He may not know that Carol played trombone too. I'd wanted a flute or a clarinet, but my cousin Phil had a trombone
I could use for free, and so, if I wanted to play in the band, it was that trombone or not play at all. I chose the
trombone. Unbeknownst to the neighbors, they too chose Phil's trombone, for I would practice on our front porch. To
the Thompson's and the Cooper's credit, no one to my knowledge, ever complained.
I used to worry that my puffed up lips, following a rousing trombone
practice session, would remain. I laugh now at 56 as I contemplate trombone playing being an alternative to "lip
enhancement." "Just pick up a trombone, press it to your lips and run through a few scales; you'll be good
to go for the evening," I'd say to clients of my new lip enhancement strategy. (Please keep this secret, just in
case I move forward with my "trombone lip enhancement" business plan).

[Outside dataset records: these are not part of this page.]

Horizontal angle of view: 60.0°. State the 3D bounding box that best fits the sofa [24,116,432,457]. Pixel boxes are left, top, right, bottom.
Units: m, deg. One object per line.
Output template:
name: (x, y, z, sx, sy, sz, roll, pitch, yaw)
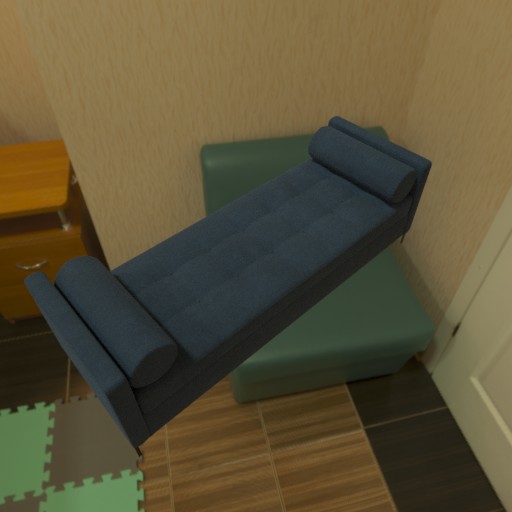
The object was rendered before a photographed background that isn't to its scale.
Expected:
sofa: (0.000, 0.000, 2.319, 1.981, 0.635, 0.686, -33, 55, -28)
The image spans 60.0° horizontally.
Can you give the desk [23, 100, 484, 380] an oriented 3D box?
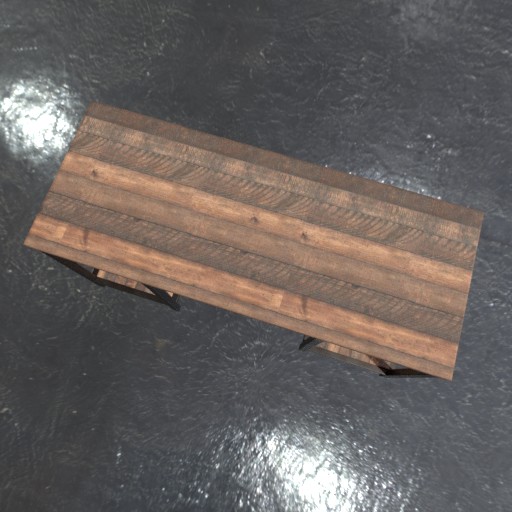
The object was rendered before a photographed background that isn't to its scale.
[{"bbox_3d":[0.000,0.000,1.953,1.538,0.753,0.617,17,75,5],"label":"desk"}]
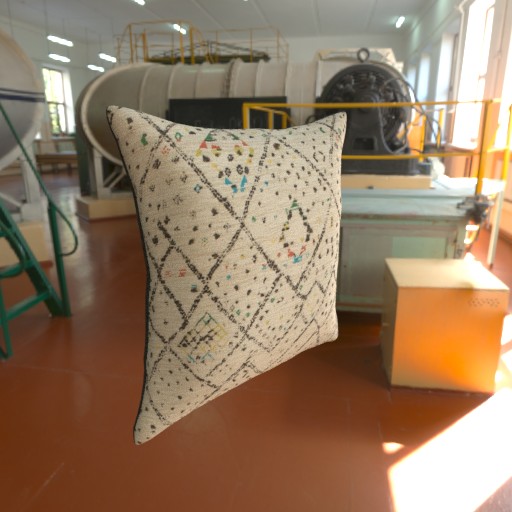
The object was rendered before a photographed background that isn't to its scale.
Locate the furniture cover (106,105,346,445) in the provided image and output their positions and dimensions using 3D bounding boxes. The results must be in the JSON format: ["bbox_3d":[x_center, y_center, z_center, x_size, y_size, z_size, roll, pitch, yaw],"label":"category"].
[{"bbox_3d":[0.000,0.000,0.783,0.180,0.498,0.525,15,22,43],"label":"furniture cover"}]
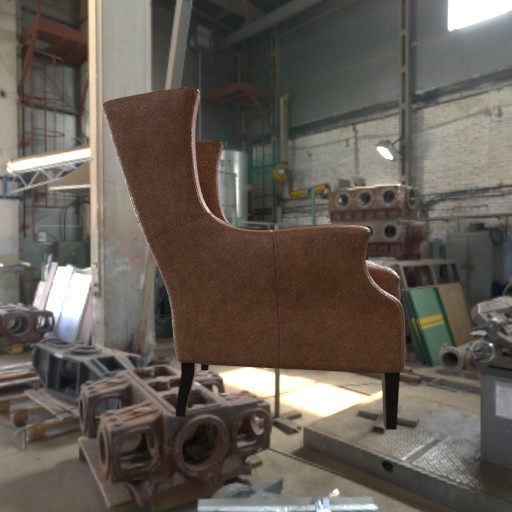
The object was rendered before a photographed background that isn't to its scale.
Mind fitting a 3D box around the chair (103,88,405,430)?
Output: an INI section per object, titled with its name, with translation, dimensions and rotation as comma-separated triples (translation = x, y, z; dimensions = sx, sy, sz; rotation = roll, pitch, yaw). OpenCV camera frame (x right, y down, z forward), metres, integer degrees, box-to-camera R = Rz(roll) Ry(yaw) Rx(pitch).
[chair]
translation = 0.000, 0.000, 1.678
dimensions = 0.926, 1.016, 0.853
rotation = 0, 1, 2
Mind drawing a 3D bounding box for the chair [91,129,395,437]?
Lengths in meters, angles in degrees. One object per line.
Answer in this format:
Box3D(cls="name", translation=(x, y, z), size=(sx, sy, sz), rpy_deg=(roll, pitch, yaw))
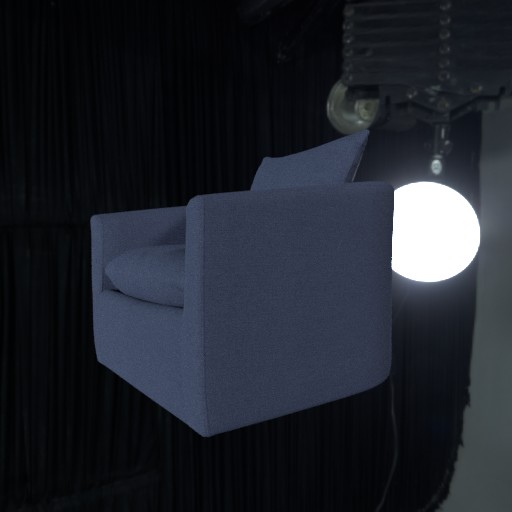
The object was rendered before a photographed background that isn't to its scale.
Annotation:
Box3D(cls="chair", translation=(0.000, 0.000, 1.558), size=(0.910, 0.848, 0.845), rpy_deg=(-1, 2, -36))
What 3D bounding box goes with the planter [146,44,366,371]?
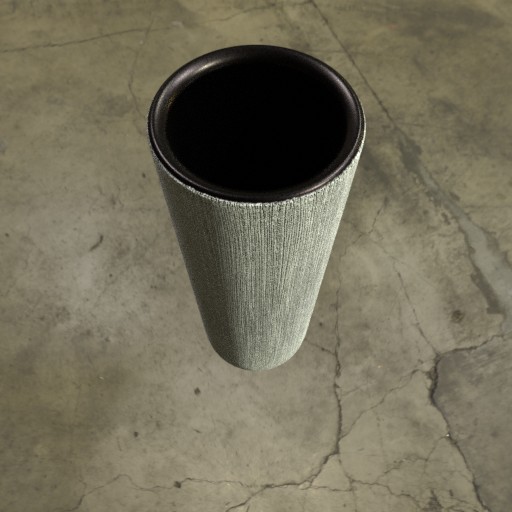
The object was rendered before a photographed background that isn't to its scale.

Barry, the boy of the "Carol" conversations, would often
drive by our back street house-- that's probably the real reason I chose the front porch for trombone practicing-- and he
would beep; usually a double staccato, "beep-beep!" as he drove by in his new green Hornet. If that Hornet
passed my house without the double "beep," I was crestfallen.

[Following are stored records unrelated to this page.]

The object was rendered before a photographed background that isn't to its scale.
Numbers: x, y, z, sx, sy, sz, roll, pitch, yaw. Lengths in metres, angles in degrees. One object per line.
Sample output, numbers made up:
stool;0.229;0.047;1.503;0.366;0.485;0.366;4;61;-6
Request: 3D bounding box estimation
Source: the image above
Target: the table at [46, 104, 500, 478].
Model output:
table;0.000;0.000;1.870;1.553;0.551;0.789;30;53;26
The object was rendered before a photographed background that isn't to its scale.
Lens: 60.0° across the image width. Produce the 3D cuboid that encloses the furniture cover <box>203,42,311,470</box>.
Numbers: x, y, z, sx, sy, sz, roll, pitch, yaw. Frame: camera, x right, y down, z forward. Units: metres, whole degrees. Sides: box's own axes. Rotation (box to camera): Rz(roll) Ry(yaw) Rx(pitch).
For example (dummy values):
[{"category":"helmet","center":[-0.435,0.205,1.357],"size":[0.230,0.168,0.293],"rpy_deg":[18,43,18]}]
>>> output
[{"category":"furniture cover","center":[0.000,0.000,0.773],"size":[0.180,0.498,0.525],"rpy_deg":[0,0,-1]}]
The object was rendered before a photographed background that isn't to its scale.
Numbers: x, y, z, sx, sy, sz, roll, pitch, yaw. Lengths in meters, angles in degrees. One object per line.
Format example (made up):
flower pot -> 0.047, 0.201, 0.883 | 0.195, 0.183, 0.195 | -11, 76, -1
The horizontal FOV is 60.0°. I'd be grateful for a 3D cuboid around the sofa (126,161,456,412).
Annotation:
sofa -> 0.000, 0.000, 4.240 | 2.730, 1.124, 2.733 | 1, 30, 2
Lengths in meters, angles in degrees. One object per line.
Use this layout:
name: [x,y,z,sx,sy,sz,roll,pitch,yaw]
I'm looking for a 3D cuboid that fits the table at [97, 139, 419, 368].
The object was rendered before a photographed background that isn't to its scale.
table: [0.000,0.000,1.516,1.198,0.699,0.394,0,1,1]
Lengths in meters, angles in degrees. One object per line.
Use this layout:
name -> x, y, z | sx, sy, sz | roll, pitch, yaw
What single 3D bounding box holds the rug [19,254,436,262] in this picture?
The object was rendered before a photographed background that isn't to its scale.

It was then time for a "Carol" conversation...
Over the years, I have
closed my eyes and imagined myself in different places and what was there and there and there at that time of my life. What,
for instance, was on the wall of my Ohio bedroom when I laid on my right side? On my left? What clothes were in
my closet? Funny how the Ohio house is clear to me, while the houses of my family's many moves--Chicago and Pittsburgh
and Cleveland and Buffalo houses--are not. There's a large picture of flowers on my right in the Ohio bedroom, a small
window to my left. I can see the Thompson's house. There are books in the headboard of my bed. My favorites are
"Fairer Than She" and "Annie Jordan." There are thirteen steps to descend. There is a furnace in
the corner of the living room. Mom has hidden it with paneling. It looks nice.
There is a porch with a slamming screen door. Think I'll go
sit on it and practice a trombone.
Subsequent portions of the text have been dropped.